:: Directions ::
Each entry, from beginning to end, is to be transcribed verbatim.

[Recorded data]
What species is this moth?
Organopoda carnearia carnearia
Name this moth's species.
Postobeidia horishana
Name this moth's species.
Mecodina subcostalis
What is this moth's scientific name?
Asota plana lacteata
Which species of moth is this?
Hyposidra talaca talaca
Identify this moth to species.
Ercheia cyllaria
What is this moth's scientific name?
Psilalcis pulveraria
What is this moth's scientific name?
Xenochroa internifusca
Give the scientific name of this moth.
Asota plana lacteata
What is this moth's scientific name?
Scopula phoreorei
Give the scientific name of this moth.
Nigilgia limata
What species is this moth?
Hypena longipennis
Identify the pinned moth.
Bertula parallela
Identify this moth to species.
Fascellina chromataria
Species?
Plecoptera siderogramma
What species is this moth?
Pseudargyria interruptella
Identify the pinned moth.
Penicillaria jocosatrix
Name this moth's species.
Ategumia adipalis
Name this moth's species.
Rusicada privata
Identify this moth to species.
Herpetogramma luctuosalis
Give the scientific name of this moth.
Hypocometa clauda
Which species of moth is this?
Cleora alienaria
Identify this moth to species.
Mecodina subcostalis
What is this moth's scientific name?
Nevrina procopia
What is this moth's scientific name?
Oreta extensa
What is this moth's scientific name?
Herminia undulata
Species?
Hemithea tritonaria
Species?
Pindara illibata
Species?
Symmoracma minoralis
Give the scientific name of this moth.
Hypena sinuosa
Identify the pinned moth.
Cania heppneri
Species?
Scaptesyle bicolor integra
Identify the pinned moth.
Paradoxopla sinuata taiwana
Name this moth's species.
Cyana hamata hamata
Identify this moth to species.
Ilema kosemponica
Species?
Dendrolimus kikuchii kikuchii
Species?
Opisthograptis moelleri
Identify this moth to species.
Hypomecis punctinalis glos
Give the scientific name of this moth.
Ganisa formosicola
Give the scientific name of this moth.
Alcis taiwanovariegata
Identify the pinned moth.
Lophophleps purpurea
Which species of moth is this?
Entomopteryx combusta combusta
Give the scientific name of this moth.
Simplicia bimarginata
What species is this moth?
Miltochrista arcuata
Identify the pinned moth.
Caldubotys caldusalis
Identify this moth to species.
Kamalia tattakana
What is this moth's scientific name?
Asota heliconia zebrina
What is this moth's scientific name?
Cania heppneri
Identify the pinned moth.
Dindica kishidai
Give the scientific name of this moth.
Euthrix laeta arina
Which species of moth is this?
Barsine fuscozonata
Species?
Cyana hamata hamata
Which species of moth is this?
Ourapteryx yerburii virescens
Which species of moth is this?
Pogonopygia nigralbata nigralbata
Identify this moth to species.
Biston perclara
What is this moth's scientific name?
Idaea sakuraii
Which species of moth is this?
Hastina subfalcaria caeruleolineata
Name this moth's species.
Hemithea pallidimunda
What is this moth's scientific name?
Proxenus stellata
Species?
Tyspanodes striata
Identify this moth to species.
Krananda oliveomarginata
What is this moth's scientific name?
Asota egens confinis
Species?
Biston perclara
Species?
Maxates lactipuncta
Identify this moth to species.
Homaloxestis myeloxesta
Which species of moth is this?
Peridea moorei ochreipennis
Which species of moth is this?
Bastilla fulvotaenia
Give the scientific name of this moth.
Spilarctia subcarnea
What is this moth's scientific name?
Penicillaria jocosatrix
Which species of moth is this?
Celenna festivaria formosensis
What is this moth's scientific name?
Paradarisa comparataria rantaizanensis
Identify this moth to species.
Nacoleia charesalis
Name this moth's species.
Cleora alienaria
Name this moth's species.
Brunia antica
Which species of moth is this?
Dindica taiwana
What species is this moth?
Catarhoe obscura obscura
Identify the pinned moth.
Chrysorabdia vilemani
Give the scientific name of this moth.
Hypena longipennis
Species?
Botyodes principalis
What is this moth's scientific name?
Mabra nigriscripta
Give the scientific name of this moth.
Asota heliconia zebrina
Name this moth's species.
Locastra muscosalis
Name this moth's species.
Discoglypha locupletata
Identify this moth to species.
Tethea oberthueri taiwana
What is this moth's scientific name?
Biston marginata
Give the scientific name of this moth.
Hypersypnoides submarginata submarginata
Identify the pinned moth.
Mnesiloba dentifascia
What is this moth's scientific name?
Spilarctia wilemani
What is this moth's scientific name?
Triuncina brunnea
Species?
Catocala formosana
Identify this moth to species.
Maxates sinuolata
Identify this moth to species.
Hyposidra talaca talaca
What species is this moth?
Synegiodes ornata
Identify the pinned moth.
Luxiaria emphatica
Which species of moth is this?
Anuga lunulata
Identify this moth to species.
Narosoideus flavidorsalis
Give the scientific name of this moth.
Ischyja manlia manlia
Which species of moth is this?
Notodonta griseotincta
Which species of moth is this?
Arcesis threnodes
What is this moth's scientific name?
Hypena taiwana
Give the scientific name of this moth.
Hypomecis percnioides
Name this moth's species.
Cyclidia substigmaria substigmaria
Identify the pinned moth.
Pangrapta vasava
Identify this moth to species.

:: Reply to the task ::
What species is this moth?
Organopoda carnearia carnearia
Name this moth's species.
Postobeidia horishana
Name this moth's species.
Mecodina subcostalis
What is this moth's scientific name?
Asota plana lacteata
Which species of moth is this?
Hyposidra talaca talaca
Identify this moth to species.
Ercheia cyllaria
What is this moth's scientific name?
Psilalcis pulveraria
What is this moth's scientific name?
Xenochroa internifusca
Give the scientific name of this moth.
Asota plana lacteata
What is this moth's scientific name?
Scopula phoreorei
Give the scientific name of this moth.
Nigilgia limata
What species is this moth?
Hypena longipennis
Identify the pinned moth.
Bertula parallela
Identify this moth to species.
Fascellina chromataria
Species?
Plecoptera siderogramma
What species is this moth?
Pseudargyria interruptella
Identify the pinned moth.
Penicillaria jocosatrix
Name this moth's species.
Ategumia adipalis
Name this moth's species.
Rusicada privata
Identify this moth to species.
Herpetogramma luctuosalis
Give the scientific name of this moth.
Hypocometa clauda
Which species of moth is this?
Cleora alienaria
Identify this moth to species.
Mecodina subcostalis
What is this moth's scientific name?
Nevrina procopia
What is this moth's scientific name?
Oreta extensa
What is this moth's scientific name?
Herminia undulata
Species?
Hemithea tritonaria
Species?
Pindara illibata
Species?
Symmoracma minoralis
Give the scientific name of this moth.
Hypena sinuosa
Identify the pinned moth.
Cania heppneri
Species?
Scaptesyle bicolor integra
Identify the pinned moth.
Paradoxopla sinuata taiwana
Name this moth's species.
Cyana hamata hamata
Identify this moth to species.
Ilema kosemponica
Species?
Dendrolimus kikuchii kikuchii
Species?
Opisthograptis moelleri
Identify this moth to species.
Hypomecis punctinalis glos
Give the scientific name of this moth.
Ganisa formosicola
Give the scientific name of this moth.
Alcis taiwanovariegata
Identify the pinned moth.
Lophophleps purpurea
Which species of moth is this?
Entomopteryx combusta combusta
Give the scientific name of this moth.
Simplicia bimarginata
What species is this moth?
Miltochrista arcuata
Identify the pinned moth.
Caldubotys caldusalis
Identify this moth to species.
Kamalia tattakana
What is this moth's scientific name?
Asota heliconia zebrina
What is this moth's scientific name?
Cania heppneri
Identify the pinned moth.
Dindica kishidai
Give the scientific name of this moth.
Euthrix laeta arina
Which species of moth is this?
Barsine fuscozonata
Species?
Cyana hamata hamata
Which species of moth is this?
Ourapteryx yerburii virescens
Which species of moth is this?
Pogonopygia nigralbata nigralbata
Identify this moth to species.
Biston perclara
What is this moth's scientific name?
Idaea sakuraii
Which species of moth is this?
Hastina subfalcaria caeruleolineata
Name this moth's species.
Hemithea pallidimunda
What is this moth's scientific name?
Proxenus stellata
Species?
Tyspanodes striata
Identify this moth to species.
Krananda oliveomarginata
What is this moth's scientific name?
Asota egens confinis
Species?
Biston perclara
Species?
Maxates lactipuncta
Identify this moth to species.
Homaloxestis myeloxesta
Which species of moth is this?
Peridea moorei ochreipennis
Which species of moth is this?
Bastilla fulvotaenia
Give the scientific name of this moth.
Spilarctia subcarnea
What is this moth's scientific name?
Penicillaria jocosatrix
Which species of moth is this?
Celenna festivaria formosensis
What is this moth's scientific name?
Paradarisa comparataria rantaizanensis
Identify this moth to species.
Nacoleia charesalis
Name this moth's species.
Cleora alienaria
Name this moth's species.
Brunia antica
Which species of moth is this?
Dindica taiwana
What species is this moth?
Catarhoe obscura obscura
Identify the pinned moth.
Chrysorabdia vilemani
Give the scientific name of this moth.
Hypena longipennis
Species?
Botyodes principalis
What is this moth's scientific name?
Mabra nigriscripta
Give the scientific name of this moth.
Asota heliconia zebrina
Name this moth's species.
Locastra muscosalis
Name this moth's species.
Discoglypha locupletata
Identify this moth to species.
Tethea oberthueri taiwana
What is this moth's scientific name?
Biston marginata
Give the scientific name of this moth.
Hypersypnoides submarginata submarginata
Identify the pinned moth.
Mnesiloba dentifascia
What is this moth's scientific name?
Spilarctia wilemani
What is this moth's scientific name?
Triuncina brunnea
Species?
Catocala formosana
Identify this moth to species.
Maxates sinuolata
Identify this moth to species.
Hyposidra talaca talaca
What species is this moth?
Synegiodes ornata
Identify the pinned moth.
Luxiaria emphatica
Which species of moth is this?
Anuga lunulata
Identify this moth to species.
Narosoideus flavidorsalis
Give the scientific name of this moth.
Ischyja manlia manlia
Which species of moth is this?
Notodonta griseotincta
Which species of moth is this?
Arcesis threnodes
What is this moth's scientific name?
Hypena taiwana
Give the scientific name of this moth.
Hypomecis percnioides
Name this moth's species.
Cyclidia substigmaria substigmaria
Identify the pinned moth.
Pangrapta vasava
Identify this moth to species.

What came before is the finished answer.